Association between Driving Pressure, Systemic Inflammation and Non-pulmonary Organ Dysfunction in Patients with Acute Respiratory Distress Syndrome, a Prospective Pathophysiological Study.

Abstract

Background: Driving pressure is thought to determine the effect of low tidal ventilation on survival in patients with acute respiratory distress syndrome. The leading cause of mortality in these patients is non-pulmonary multiorgan dysfunction, which is believed to worsen due to the biological response to mechanical ventilation (biotrauma). Therefore, we aimed to analyze the association between driving pressure, biotrauma, and non-pulmonary multiorgan dysfunction. Additionally, we analyzed this relationship for tidal volume / predicted body weight.
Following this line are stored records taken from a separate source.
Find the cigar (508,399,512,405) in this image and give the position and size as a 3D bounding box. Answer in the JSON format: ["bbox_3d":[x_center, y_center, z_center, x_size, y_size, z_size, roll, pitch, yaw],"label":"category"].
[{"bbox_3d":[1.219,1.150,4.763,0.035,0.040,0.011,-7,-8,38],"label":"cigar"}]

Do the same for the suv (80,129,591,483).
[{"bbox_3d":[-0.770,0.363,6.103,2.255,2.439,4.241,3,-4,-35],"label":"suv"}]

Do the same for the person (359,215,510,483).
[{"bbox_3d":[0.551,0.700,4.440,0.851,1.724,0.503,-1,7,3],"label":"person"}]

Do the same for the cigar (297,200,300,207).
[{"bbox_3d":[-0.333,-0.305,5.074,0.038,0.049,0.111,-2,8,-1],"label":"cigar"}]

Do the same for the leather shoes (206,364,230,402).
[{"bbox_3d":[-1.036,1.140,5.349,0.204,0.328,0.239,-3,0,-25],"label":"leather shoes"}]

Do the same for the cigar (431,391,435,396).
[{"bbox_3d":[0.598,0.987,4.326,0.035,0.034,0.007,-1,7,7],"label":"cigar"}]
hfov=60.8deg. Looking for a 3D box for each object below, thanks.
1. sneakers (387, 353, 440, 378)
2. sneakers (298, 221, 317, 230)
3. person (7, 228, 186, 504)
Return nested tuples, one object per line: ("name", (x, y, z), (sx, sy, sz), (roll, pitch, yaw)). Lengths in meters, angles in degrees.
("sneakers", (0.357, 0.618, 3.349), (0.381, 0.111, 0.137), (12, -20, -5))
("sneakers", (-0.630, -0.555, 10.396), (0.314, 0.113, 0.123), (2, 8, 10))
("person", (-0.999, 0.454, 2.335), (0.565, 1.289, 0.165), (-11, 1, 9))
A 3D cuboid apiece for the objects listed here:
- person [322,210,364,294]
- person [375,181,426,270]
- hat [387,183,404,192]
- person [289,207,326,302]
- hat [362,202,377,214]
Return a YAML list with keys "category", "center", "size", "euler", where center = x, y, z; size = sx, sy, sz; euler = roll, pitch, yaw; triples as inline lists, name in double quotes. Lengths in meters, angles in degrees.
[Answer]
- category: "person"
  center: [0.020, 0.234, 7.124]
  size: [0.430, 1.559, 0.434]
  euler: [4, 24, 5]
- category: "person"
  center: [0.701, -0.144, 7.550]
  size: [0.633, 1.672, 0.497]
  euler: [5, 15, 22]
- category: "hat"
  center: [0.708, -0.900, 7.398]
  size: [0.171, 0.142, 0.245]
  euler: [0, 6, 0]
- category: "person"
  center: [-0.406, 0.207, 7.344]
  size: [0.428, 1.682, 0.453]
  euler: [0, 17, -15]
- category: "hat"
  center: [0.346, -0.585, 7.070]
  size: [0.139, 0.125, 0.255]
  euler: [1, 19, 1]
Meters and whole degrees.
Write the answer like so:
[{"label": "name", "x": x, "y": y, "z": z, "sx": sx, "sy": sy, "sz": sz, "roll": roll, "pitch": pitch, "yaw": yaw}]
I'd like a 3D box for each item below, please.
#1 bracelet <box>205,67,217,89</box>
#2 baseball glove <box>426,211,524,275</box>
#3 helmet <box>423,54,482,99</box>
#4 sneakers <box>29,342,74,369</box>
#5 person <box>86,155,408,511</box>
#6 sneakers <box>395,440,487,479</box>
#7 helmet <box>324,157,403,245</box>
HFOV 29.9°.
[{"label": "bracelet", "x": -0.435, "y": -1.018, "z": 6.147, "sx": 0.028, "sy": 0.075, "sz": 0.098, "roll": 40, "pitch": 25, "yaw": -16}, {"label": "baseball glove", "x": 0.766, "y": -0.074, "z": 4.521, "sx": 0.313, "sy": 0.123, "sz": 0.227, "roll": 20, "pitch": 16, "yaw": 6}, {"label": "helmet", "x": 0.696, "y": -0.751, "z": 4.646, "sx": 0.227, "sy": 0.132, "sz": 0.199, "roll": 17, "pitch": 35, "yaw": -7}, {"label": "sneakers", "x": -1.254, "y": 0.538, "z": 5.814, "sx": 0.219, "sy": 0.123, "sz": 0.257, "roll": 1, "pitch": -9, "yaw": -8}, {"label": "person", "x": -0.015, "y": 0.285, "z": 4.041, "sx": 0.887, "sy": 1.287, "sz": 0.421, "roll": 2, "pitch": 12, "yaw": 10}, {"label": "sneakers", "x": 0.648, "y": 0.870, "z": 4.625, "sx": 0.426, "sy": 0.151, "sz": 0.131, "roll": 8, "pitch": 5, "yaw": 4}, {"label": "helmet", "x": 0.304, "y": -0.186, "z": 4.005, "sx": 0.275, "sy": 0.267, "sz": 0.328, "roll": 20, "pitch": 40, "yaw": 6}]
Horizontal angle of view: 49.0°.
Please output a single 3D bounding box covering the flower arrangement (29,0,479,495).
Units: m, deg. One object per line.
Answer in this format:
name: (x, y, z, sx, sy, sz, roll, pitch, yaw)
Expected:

Methods: Observational study that included adult patients with acute respiratory distress syndrome undergoing invasive mechanical ventilation admitted to the Hospital Clinic of Barcelona, Spain, between June 2019 and February 2021. We conducted mixed-effects models to assess the effects of driving pressure and tidal volume/predicted body weight on the evolution of 22 log-transformed biomarker variables during the first, third, and fifth days after study enrollment. These 22 systemic biomarkers characterized epithelial and endothelial pulmonary dysfunction, inflammation, and coagulation disorders in the included patients. In the same fashion, the association between driving pressure and non-pulmonary multiorgan dysfunction was evaluated by the non-pulmonary sequential organ failure assessment score (non-pulmonary SOFA) and its associated variables. Finally, we performed mediation analyses to assess whether the relationship between biomarkers and driving pressure was mediated by other ventilator-induced lung injury parameters.
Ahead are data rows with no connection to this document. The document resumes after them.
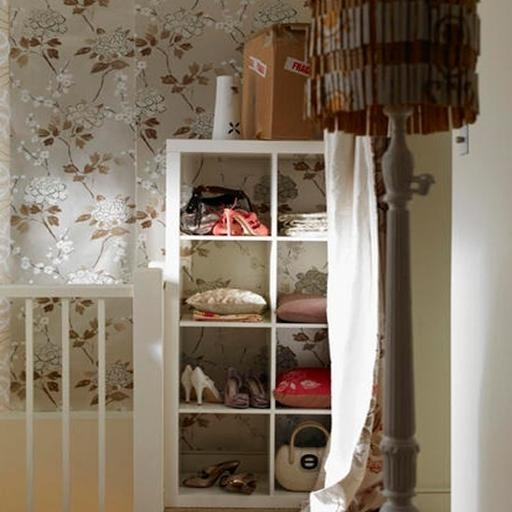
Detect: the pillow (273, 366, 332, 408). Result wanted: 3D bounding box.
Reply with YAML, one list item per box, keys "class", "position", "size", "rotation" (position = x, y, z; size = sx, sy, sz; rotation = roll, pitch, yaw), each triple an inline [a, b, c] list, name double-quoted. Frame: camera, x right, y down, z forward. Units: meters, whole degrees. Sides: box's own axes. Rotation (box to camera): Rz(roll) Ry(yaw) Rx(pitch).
- class: "pillow"
  position: [0.211, 0.513, 2.831]
  size: [0.225, 0.072, 0.261]
  rotation: [-2, 26, 5]

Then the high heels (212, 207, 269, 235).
- class: "high heels"
  position: [-0.056, -0.147, 2.805]
  size: [0.172, 0.066, 0.125]
  rotation: [1, 5, -16]

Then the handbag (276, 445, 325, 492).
- class: "handbag"
  position: [0.183, 0.863, 2.775]
  size: [0.207, 0.188, 0.073]
  rotation: [1, -2, -1]

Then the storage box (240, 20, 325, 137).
- class: "storage box"
  position: [0.116, -0.692, 2.803]
  size: [0.366, 0.439, 0.357]
  rotation: [7, 7, 30]
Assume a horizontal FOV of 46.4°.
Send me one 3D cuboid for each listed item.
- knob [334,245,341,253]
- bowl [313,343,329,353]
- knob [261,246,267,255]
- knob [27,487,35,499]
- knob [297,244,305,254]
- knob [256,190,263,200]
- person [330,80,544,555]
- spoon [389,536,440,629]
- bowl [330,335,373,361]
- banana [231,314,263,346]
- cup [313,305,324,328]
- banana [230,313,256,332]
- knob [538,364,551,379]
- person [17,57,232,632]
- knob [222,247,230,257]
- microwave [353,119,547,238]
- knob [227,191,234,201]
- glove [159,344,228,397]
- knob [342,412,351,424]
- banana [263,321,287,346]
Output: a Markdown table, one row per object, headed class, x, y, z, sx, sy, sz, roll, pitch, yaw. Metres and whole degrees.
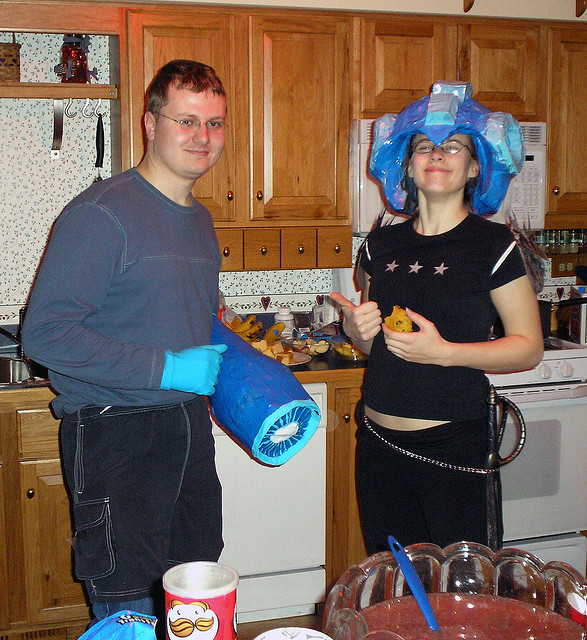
| class | x | y | z | sx | sy | sz | roll | pitch | yaw |
| --- | --- | --- | --- | --- | --- | --- | --- | --- | --- |
| knob | 0.172 | -0.277 | 2.683 | 0.027 | 0.025 | 0.025 | 2 | 0 | -7 |
| bowl | 0.106 | 0.107 | 2.560 | 0.033 | 0.039 | 0.070 | 2 | 5 | 41 |
| knob | -0.112 | -0.264 | 2.603 | 0.022 | 0.027 | 0.008 | -6 | 11 | -15 |
| knob | -0.834 | 0.551 | 2.172 | 0.029 | 0.026 | 0.026 | -3 | 4 | -28 |
| knob | 0.028 | -0.274 | 2.643 | 0.024 | 0.031 | 0.010 | 2 | 5 | -8 |
| knob | -0.128 | -0.469 | 2.570 | 0.021 | 0.027 | 0.009 | 0 | 8 | -19 |
| person | 0.298 | 0.005 | 1.551 | 0.435 | 1.036 | 0.416 | -2 | 4 | -11 |
| spoon | 0.131 | 0.285 | 0.703 | 0.019 | 0.144 | 0.018 | -8 | 20 | 44 |
| bowl | 0.205 | 0.098 | 2.437 | 0.107 | 0.049 | 0.133 | 6 | -1 | -33 |
| banana | -0.171 | 0.041 | 2.635 | 0.114 | 0.113 | 0.048 | -42 | -5 | -28 |
| cup | 0.109 | -0.012 | 2.957 | 0.048 | 0.091 | 0.033 | -1 | 4 | -4 |
| banana | -0.181 | 0.014 | 2.614 | 0.062 | 0.054 | 0.158 | 0 | 4 | 11 |
| knob | 0.903 | 0.188 | 2.461 | 0.038 | 0.047 | 0.051 | -1 | 8 | 24 |
| person | -0.332 | 0.037 | 1.476 | 0.392 | 1.188 | 0.410 | -2 | 4 | -4 |
| knob | -0.254 | -0.255 | 2.561 | 0.030 | 0.038 | 0.010 | 3 | 8 | -9 |
| microwave | 0.861 | -0.621 | 3.143 | 0.461 | 0.496 | 0.807 | -5 | 13 | 15 |
| knob | -0.235 | -0.463 | 2.545 | 0.025 | 0.023 | 0.006 | -38 | 25 | -30 |
| glove | -0.195 | 0.093 | 1.310 | 0.154 | 0.109 | 0.051 | -6 | -18 | -35 |
| knob | 0.183 | 0.348 | 2.412 | 0.027 | 0.034 | 0.034 | 0 | 31 | -1 |
| banana | -0.077 | 0.054 | 2.580 | 0.102 | 0.051 | 0.027 | -48 | 20 | -27 |
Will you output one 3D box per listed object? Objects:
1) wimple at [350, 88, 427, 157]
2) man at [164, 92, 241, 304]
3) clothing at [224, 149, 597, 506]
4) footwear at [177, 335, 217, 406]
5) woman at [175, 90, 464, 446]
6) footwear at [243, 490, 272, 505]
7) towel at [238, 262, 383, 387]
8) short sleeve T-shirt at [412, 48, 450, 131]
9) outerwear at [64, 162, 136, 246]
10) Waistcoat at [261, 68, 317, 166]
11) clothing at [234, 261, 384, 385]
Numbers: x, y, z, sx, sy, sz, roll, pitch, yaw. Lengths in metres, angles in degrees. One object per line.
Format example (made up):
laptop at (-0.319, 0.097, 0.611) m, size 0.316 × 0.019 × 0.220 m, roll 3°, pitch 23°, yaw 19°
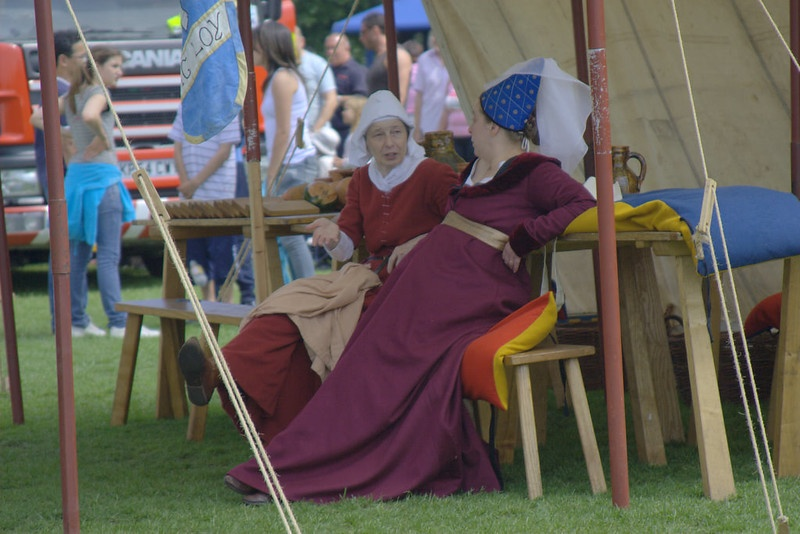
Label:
wimple at (-0.073, -0.748, 9.808) m, size 0.448 × 0.474 × 0.344 m, roll -7°, pitch 6°, yaw -4°
man at (-1.349, -0.592, 12.150) m, size 0.564 × 1.828 × 0.414 m, roll -3°, pitch 39°, yaw -3°
clothing at (-0.032, 0.420, 10.317) m, size 1.922 × 2.467 × 1.521 m, roll 2°, pitch -4°, yaw -10°
footwear at (-1.098, 0.582, 9.372) m, size 0.141 × 0.456 × 0.177 m, roll 0°, pitch 5°, yaw 17°
woman at (-0.416, 0.038, 9.750) m, size 0.738 × 1.851 × 2.095 m, roll 11°, pitch 21°, yaw 38°
footwear at (-0.756, 1.252, 9.214) m, size 0.157 × 0.049 × 0.082 m, roll -3°, pitch -1°, yaw 29°
towel at (-0.422, 0.235, 9.657) m, size 0.747 × 0.257 × 0.633 m, roll -17°, pitch 43°, yaw -30°
short sleeve T-shirt at (0.277, -1.473, 14.381) m, size 0.322 × 0.940 × 0.196 m, roll -26°, pitch 50°, yaw -24°
outerwear at (-2.200, -0.501, 12.084) m, size 0.271 × 0.553 × 0.529 m, roll 8°, pitch 22°, yaw 13°
Waistcoat at (-0.651, -1.034, 11.905) m, size 0.304 × 0.602 × 0.442 m, roll -11°, pitch 32°, yaw 6°
clothing at (-0.435, 0.244, 9.656) m, size 0.871 × 0.309 × 0.712 m, roll -22°, pitch 39°, yaw -30°
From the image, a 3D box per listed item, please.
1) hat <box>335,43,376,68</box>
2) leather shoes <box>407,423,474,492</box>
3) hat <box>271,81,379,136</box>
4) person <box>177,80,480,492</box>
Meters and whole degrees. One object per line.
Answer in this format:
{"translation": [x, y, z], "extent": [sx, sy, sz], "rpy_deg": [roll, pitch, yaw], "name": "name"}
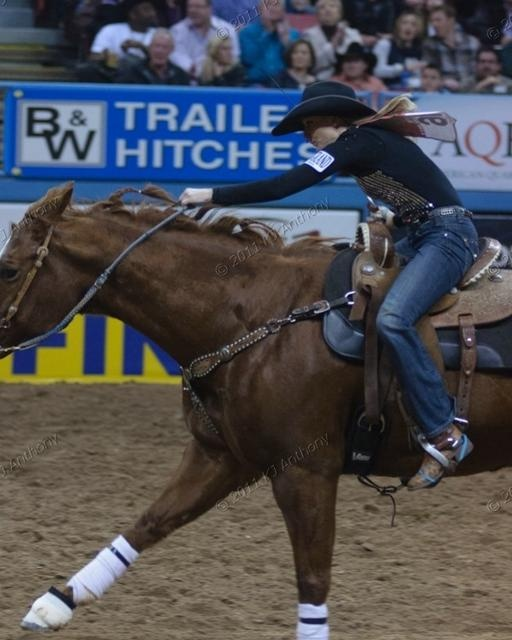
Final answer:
{"translation": [0.788, -2.080, 8.263], "extent": [0.307, 0.209, 0.103], "rpy_deg": [0, 14, -13], "name": "hat"}
{"translation": [0.649, 0.473, 3.725], "extent": [0.215, 0.268, 0.138], "rpy_deg": [4, 14, 4], "name": "leather shoes"}
{"translation": [0.237, -0.775, 3.832], "extent": [0.342, 0.102, 0.218], "rpy_deg": [-7, -3, -13], "name": "hat"}
{"translation": [0.338, -0.151, 3.837], "extent": [1.004, 1.420, 0.613], "rpy_deg": [5, 14, 9], "name": "person"}

Results: Thirty-eight patients were included. The driving pressure was independently associated with soluble Receptor for advanced glycation end-products, Interleukin (IL)-8, IL-6, IL-10, IL-17, Interferon-ɣ, Chemokine (C-C motif)-2, Vascular endothelial growth factor, Tissue factor, Protein C, Protein S, and higher dose of norepinephrine. However, this relationship attenuated over time. In contrast, tidal volume/predicted body weight was not associated with any of the 22 biomarkers tested response. A concomitant increase in positive end-inspiratory plateau pressure or tidal volume did not mediate the effect of driving pressure on biomarkers. Conversely, the association between compliance of the respiratory system and pulmonary epithelial dysfunction was primarily mediated by driving pressure.

Conclusions: Driving pressure, but not tidal volume/predicted body weight, was correlated with epithelial and endothelial pulmonary dysfunction, inflammation, coagulation disorders, and hemodynamic dysfunction. However, this relationship diminished over time.